Friend of mine in Austin is doing something like that.
Chk Robsaudiworld.


----------



## AhnucOnun (Jan 28, 2004)

*Re: 1.8T into an urQ? (Chapel)*

Woah!
I had that though myself!
I was following an UrQ with a For Sale sign on the highway just a few days ago. He pulled into a gas station so I followed him in and asked him about the car. It was a red '83 with 260,000 km (162,000 miles)! He told me it needs LOTS of engine work, including a new turbo... read: needs a new motor.
I thought if I bought this car, how expensive it would be to fix if it was fixable. Then considered getting a replacement motor, but where from?! I would love to have the Europe-only 20-valve motor, but again that would be expensive and hard to find. So my next though was what about a 1.8T with lotso mods? I asked one of my Audi mechanics if this swap could be done - he looked at me like I had nine heads... If there is a will (and a big wallet), there is a way... (betchu heard that before).
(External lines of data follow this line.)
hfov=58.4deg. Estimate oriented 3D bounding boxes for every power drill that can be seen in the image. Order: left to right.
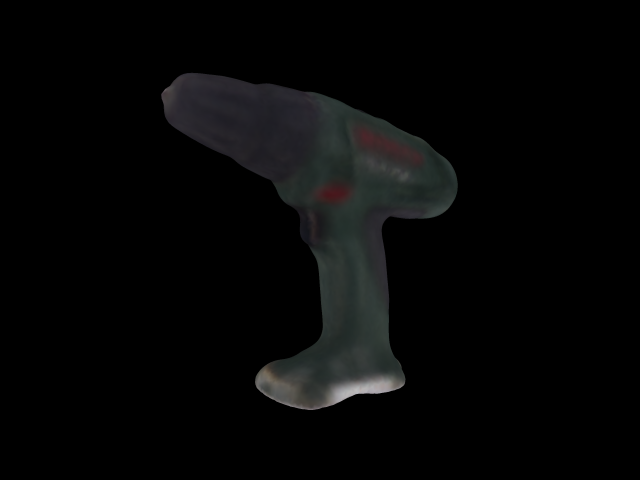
[{"bbox_3d":[0.004,0.001,0.400,0.230,0.208,0.075,-3,5,-37],"label":"power drill"}]
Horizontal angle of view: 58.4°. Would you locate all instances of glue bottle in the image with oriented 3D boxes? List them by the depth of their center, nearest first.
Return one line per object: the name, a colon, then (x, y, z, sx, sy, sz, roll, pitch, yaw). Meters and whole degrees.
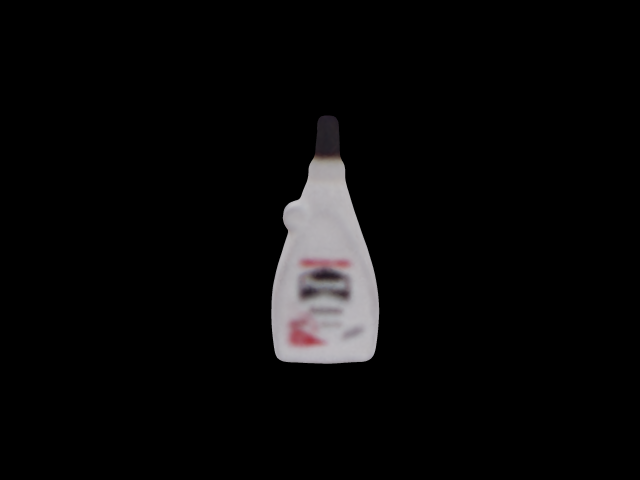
glue bottle: (0.004, 0.001, 0.400, 0.078, 0.173, 0.037, -1, 15, -3)
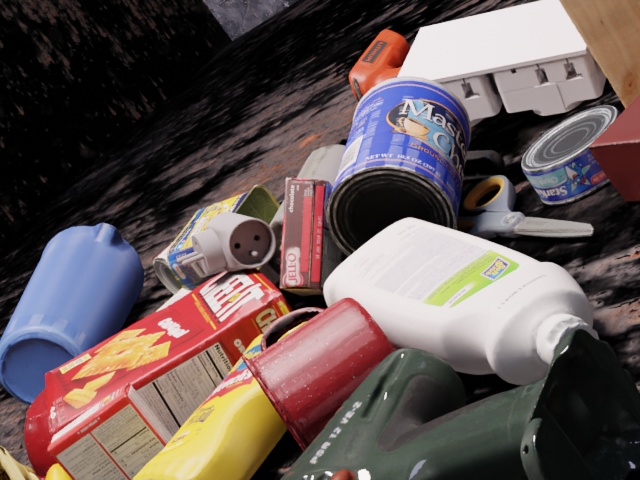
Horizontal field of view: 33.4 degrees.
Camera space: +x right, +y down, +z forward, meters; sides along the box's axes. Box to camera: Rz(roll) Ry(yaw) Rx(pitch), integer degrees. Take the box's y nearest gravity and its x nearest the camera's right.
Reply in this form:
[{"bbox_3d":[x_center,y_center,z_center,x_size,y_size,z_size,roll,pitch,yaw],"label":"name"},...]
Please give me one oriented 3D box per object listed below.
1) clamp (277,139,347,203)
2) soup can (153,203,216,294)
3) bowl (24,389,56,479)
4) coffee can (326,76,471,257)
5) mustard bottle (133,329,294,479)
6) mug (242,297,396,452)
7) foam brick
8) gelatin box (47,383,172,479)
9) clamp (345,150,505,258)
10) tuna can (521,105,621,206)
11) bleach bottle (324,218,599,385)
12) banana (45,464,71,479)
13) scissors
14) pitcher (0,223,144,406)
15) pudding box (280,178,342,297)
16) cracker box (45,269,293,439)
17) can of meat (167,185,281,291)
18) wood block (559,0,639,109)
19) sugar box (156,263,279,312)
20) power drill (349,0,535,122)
[{"bbox_3d":[-0.012,-0.055,1.218,0.171,0.039,0.120,-35,14,7],"label":"clamp"},{"bbox_3d":[-0.134,0.015,1.228,0.102,0.068,0.069,-45,18,-26],"label":"soup can"},{"bbox_3d":[-0.236,0.163,1.051,0.162,0.055,0.162,-34,16,11],"label":"bowl"},{"bbox_3d":[0.067,-0.056,0.873,0.103,0.102,0.140,-27,27,30],"label":"coffee can"},{"bbox_3d":[-0.052,0.123,0.771,0.096,0.058,0.191,-29,15,52],"label":"mustard bottle"},{"bbox_3d":[0.003,0.085,0.694,0.081,0.093,0.117,-34,39,-7],"label":"mug"},{"bbox_3d":[0.233,-0.068,0.721,0.078,0.051,0.053,-43,19,-19],"label":"foam brick"},{"bbox_3d":[-0.147,0.164,0.800,0.073,0.089,0.030,-35,13,4],"label":"gelatin box"},{"bbox_3d":[0.099,-0.067,1.024,0.165,0.036,0.210,-29,21,19],"label":"clamp"},{"bbox_3d":[0.198,-0.066,0.818,0.086,0.033,0.086,-34,16,11],"label":"tuna can"},{"bbox_3d":[0.091,0.046,0.687,0.102,0.068,0.251,-40,19,-9],"label":"bleach bottle"},{"bbox_3d":[-0.198,0.229,0.767,0.037,0.069,0.197,-41,8,17],"label":"banana"},{"bbox_3d":[0.154,-0.024,0.821,0.202,0.016,0.096,-13,34,56],"label":"scissors"},{"bbox_3d":[-0.298,0.099,1.261,0.145,0.149,0.242,-17,23,11],"label":"pitcher"},{"bbox_3d":[-0.006,0.001,0.891,0.039,0.090,0.113,3,-6,11],"label":"pudding box"},{"bbox_3d":[-0.125,0.106,0.904,0.213,0.072,0.164,-31,15,-8],"label":"cracker box"},{"bbox_3d":[-0.093,0.000,1.051,0.084,0.057,0.102,-18,26,36],"label":"can of meat"},{"bbox_3d":[0.235,-0.205,0.818,0.090,0.206,0.090,-27,18,30],"label":"wood block"},{"bbox_3d":[-0.103,0.056,1.090,0.176,0.048,0.093,-40,18,-24],"label":"sugar box"},{"bbox_3d":[0.139,-0.200,1.177,0.188,0.057,0.184,4,45,39],"label":"power drill"}]
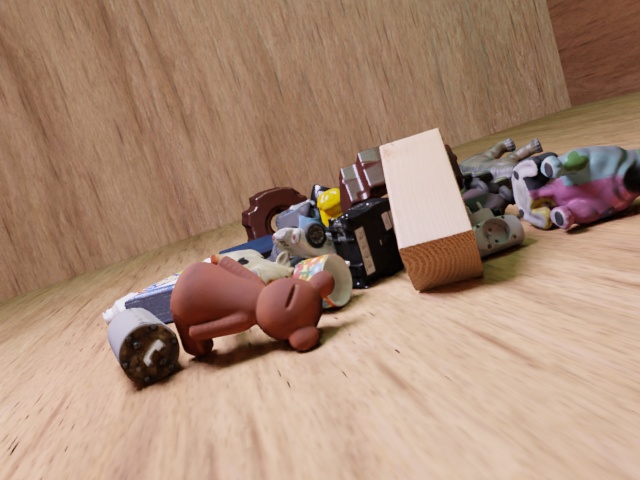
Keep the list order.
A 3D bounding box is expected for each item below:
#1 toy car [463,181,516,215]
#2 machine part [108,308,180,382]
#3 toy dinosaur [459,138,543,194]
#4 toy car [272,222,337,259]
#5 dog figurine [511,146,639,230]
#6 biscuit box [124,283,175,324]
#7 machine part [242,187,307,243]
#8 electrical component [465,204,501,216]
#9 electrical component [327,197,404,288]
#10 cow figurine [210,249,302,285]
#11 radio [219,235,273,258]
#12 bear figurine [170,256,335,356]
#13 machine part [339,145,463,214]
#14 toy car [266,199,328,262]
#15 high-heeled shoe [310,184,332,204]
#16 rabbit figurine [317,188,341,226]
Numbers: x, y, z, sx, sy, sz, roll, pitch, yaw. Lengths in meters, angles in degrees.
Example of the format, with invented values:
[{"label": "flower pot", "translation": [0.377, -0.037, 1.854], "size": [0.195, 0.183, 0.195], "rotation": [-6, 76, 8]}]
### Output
[{"label": "toy car", "translation": [0.292, -0.062, 0.984], "size": [0.089, 0.053, 0.202], "rotation": [-38, 6, 5]}, {"label": "machine part", "translation": [-0.248, 0.141, 0.743], "size": [0.079, 0.079, 0.243], "rotation": [-22, 10, -25]}, {"label": "toy dinosaur", "translation": [0.369, -0.152, 1.237], "size": [0.199, 0.105, 0.471], "rotation": [-22, 4, -3]}, {"label": "toy car", "translation": [0.018, 0.011, 0.857], "size": [0.201, 0.056, 0.074], "rotation": [10, -9, -38]}, {"label": "dog figurine", "translation": [0.411, -0.090, 0.765], "size": [0.219, 0.108, 0.191], "rotation": [-14, 6, -3]}, {"label": "biscuit box", "translation": [-0.258, 0.111, 0.989], "size": [0.203, 0.062, 0.059], "rotation": [-15, 8, 16]}, {"label": "machine part", "translation": [-0.095, -0.040, 1.260], "size": [0.179, 0.179, 0.056], "rotation": [-22, 12, -23]}, {"label": "electrical component", "translation": [0.209, -0.017, 0.804], "size": [0.119, 0.074, 0.048], "rotation": [-24, 10, -10]}, {"label": "electrical component", "translation": [0.084, -0.001, 0.824], "size": [0.134, 0.114, 0.058], "rotation": [-24, 16, -37]}, {"label": "cow figurine", "translation": [-0.100, 0.061, 0.850], "size": [0.127, 0.085, 0.195], "rotation": [-14, 12, -17]}, {"label": "radio", "translation": [-0.129, 0.047, 1.101], "size": [0.131, 0.073, 0.230], "rotation": [-19, 10, -13]}, {"label": "bear figurine", "translation": [-0.083, 0.089, 0.684], "size": [0.196, 0.120, 0.131], "rotation": [8, -31, 7]}, {"label": "machine part", "translation": [0.139, -0.076, 0.942], "size": [0.201, 0.087, 0.200], "rotation": [-12, -31, -4]}, {"label": "toy car", "translation": [-0.027, 0.016, 0.958], "size": [0.109, 0.161, 0.103], "rotation": [-20, -39, 41]}, {"label": "high-heeled shoe", "translation": [0.104, -0.098, 1.276], "size": [0.249, 0.145, 0.086], "rotation": [-21, 9, -7]}, {"label": "rabbit figurine", "translation": [0.000, -0.026, 1.169], "size": [0.173, 0.122, 0.162], "rotation": [-36, 6, 5]}]
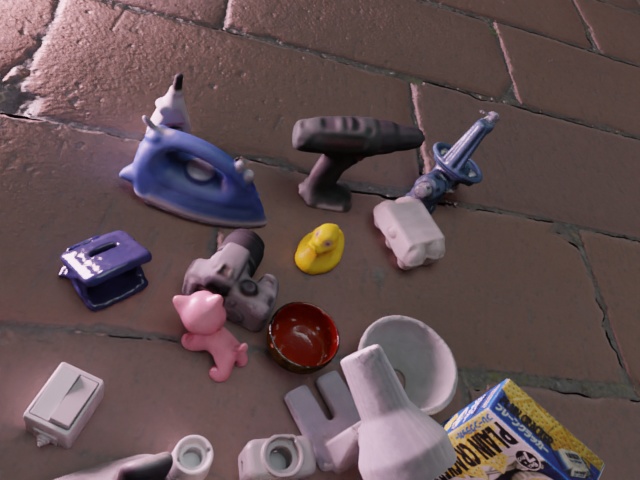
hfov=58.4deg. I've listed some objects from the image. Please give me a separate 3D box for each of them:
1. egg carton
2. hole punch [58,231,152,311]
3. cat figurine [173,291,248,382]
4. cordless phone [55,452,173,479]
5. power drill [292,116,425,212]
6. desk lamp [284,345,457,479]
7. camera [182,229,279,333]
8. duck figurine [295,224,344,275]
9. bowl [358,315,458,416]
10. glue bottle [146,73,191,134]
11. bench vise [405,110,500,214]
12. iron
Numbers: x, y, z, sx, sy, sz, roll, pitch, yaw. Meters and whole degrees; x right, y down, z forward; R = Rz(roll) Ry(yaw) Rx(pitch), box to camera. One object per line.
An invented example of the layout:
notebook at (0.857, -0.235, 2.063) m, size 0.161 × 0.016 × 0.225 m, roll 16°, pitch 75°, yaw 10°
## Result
egg carton at (0.168, -0.015, 1.095) m, size 0.107 × 0.069 × 0.150 m, roll -13°, pitch 61°, yaw -30°
hole punch at (-0.316, 0.033, 0.840) m, size 0.109 × 0.091 × 0.101 m, roll -29°, pitch 70°, yaw -36°
cat figurine at (-0.153, 0.126, 0.821) m, size 0.127 × 0.117 × 0.067 m, roll 41°, pitch 50°, yaw 10°
cordless phone at (-0.235, 0.273, 0.631) m, size 0.148 × 0.185 × 0.094 m, roll -11°, pitch 60°, yaw -29°
power drill at (0.050, -0.146, 1.052) m, size 0.230 × 0.208 × 0.075 m, roll 7°, pitch 53°, yaw -18°
desk lamp at (0.060, 0.243, 0.760) m, size 0.118 × 0.213 × 0.203 m, roll -19°, pitch 64°, yaw -33°
camera at (-0.123, 0.049, 0.903) m, size 0.143 × 0.100 × 0.137 m, roll 27°, pitch 49°, yaw -2°
duck figurine at (0.009, 0.004, 1.003) m, size 0.077 × 0.086 × 0.105 m, roll 44°, pitch 51°, yaw 13°
bowl at (0.127, 0.208, 0.905) m, size 0.168 × 0.074 × 0.167 m, roll 12°, pitch 51°, yaw -15°
glue bottle at (-0.259, -0.222, 1.002) m, size 0.078 × 0.173 × 0.037 m, roll -16°, pitch 62°, yaw -31°
bench vise at (0.274, -0.146, 1.139) m, size 0.121 × 0.219 × 0.208 m, roll 30°, pitch 49°, yaw 1°
iron at (-0.195, -0.115, 0.969) m, size 0.258 × 0.141 × 0.118 m, roll 21°, pitch 50°, yaw -7°
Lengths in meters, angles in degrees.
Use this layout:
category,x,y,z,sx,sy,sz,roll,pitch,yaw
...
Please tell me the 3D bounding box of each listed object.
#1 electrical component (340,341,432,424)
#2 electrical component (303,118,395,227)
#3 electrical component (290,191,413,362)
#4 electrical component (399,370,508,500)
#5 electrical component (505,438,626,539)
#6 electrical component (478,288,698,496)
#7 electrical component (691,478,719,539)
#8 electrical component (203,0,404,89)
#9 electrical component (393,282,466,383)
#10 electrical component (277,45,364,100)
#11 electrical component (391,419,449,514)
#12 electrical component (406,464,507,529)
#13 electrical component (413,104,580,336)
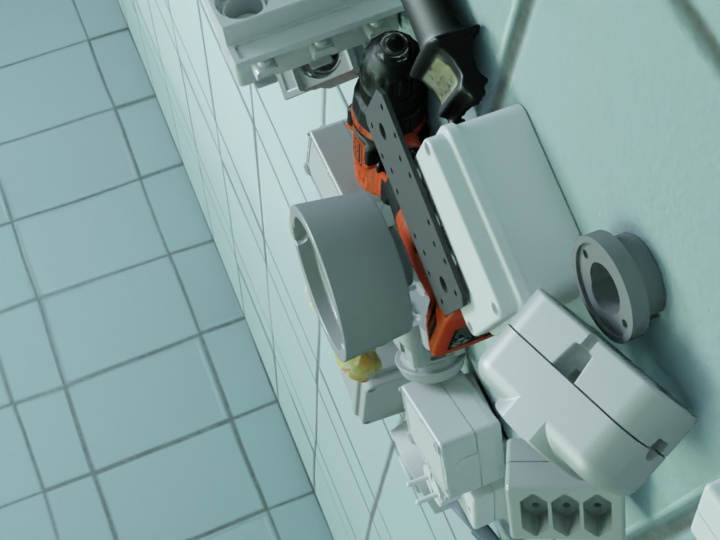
category,x,y,z,sx,sy,sz,roll,pitch,yaw
electrical component,0.027,0.092,0.998,0.113,0.078,0.057,94,156,-65
electrical component,-0.004,-0.082,0.882,0.061,0.061,0.096,104,142,-66
electrical component,0.000,0.000,0.705,0.108,0.060,0.108,162,90,-80
electrical component,0.075,0.124,0.865,0.096,0.061,0.061,-125,19,-52
electrical component,0.121,0.115,0.636,0.076,0.066,0.047,-78,-19,-50
electrical component,0.107,0.062,0.527,0.054,0.059,0.095,31,-169,-49
electrical component,0.171,0.122,0.434,0.076,0.047,0.065,83,163,-50
electrical component,-0.036,-0.173,0.717,0.063,0.121,0.078,82,164,-58
electrical component,0.053,0.052,0.854,0.078,0.058,0.057,-129,25,-59
electrical component,-0.022,-0.160,0.804,0.064,0.081,0.042,-21,-87,-72
electrical component,0.073,0.180,1.028,0.099,0.064,0.099,61,180,0
electrical component,0.077,0.174,0.903,0.047,0.076,0.083,82,164,-47
electrical component,0.076,-0.025,0.604,0.078,0.057,0.113,119,130,-76
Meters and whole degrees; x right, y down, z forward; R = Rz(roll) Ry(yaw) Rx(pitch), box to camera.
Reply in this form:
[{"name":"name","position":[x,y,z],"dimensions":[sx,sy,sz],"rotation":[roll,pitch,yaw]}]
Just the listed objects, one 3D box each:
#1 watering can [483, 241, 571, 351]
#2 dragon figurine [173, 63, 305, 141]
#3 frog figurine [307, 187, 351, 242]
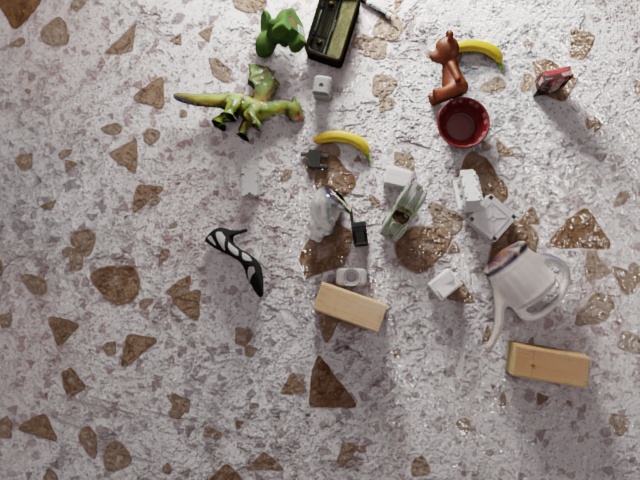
[{"name":"watering can","position":[0.572,0.151,1.526],"dimensions":[0.348,0.103,0.225],"rotation":[-38,83,-1]},{"name":"dragon figurine","position":[-0.243,-0.466,1.664],"dimensions":[0.411,0.120,0.246],"rotation":[27,71,4]},{"name":"frog figurine","position":[0.005,-0.080,1.589],"dimensions":[0.158,0.121,0.140],"rotation":[-44,51,9]}]
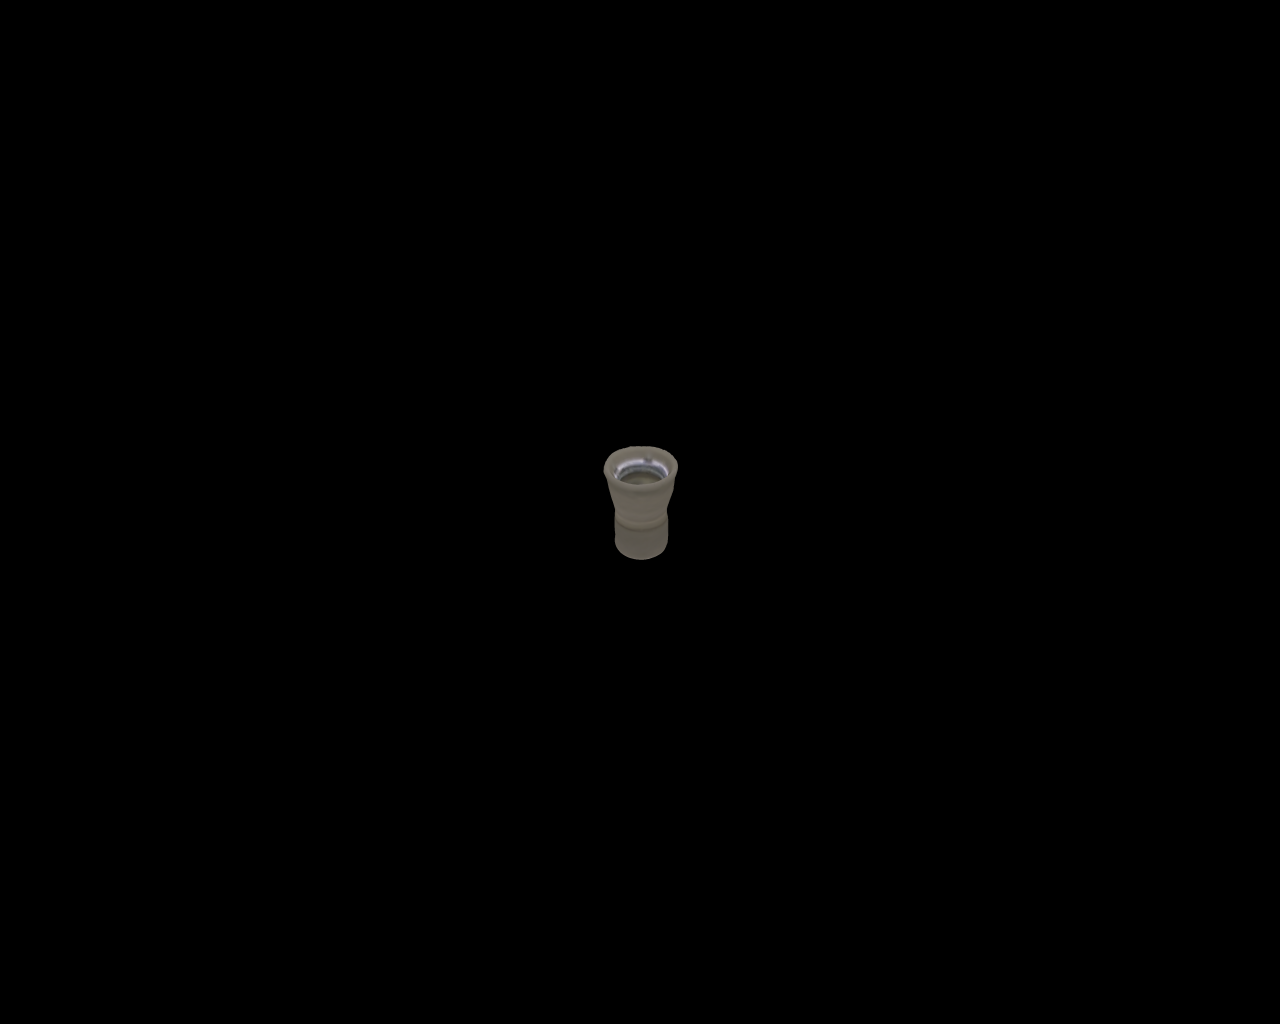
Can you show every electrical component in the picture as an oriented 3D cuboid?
[{"bbox_3d":[0.001,-0.003,0.650,0.044,0.065,0.044,0,37,0],"label":"electrical component"}]
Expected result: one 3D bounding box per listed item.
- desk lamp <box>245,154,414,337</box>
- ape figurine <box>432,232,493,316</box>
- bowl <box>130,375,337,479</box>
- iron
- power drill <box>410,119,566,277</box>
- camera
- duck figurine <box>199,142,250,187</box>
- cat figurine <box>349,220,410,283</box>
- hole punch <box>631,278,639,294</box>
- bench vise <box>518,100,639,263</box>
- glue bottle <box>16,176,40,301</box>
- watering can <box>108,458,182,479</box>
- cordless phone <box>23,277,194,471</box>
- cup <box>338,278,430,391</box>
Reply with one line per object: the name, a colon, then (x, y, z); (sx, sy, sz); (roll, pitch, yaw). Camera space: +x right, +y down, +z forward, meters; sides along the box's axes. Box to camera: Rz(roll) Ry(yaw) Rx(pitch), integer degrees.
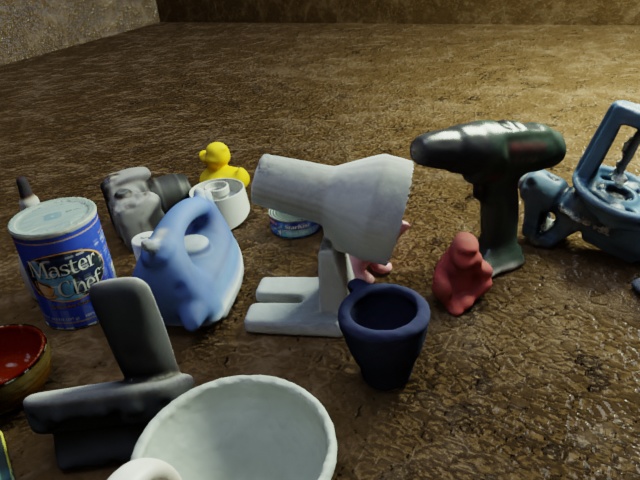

There may be quite a bit of fabricating involved.


----------



## Chapel (Jun 23, 1999)

well, there's a place near me that sells the 20v
http://www.force5auto.com
they sell the AANs


----------



## StormChaser (Jan 3, 2000)

*Re: (Chapel)*

I'd lvoe to find a cheap UrQ with a bad engine. It's an easy, somewhat cheap fix. Drop a used MC1 or MC2 in there. It will run fine on the stock fuel and ignition systems, offer more power and be cheap (used MC1s are under $600)...


----------



## Fusilier (Apr 17, 2004)

*Re: 1.8T into an urQ? (AhnucOnun)*

I don't think the motor and mechanicals is really the issue with the car.
10V head is adequate to making some good power.
I think the real problem is the CIS system on the urquattro.
My next project after my rally car is my street urquattro.
I'm going EFI on this one with the 10V motor and stock ignition.


----------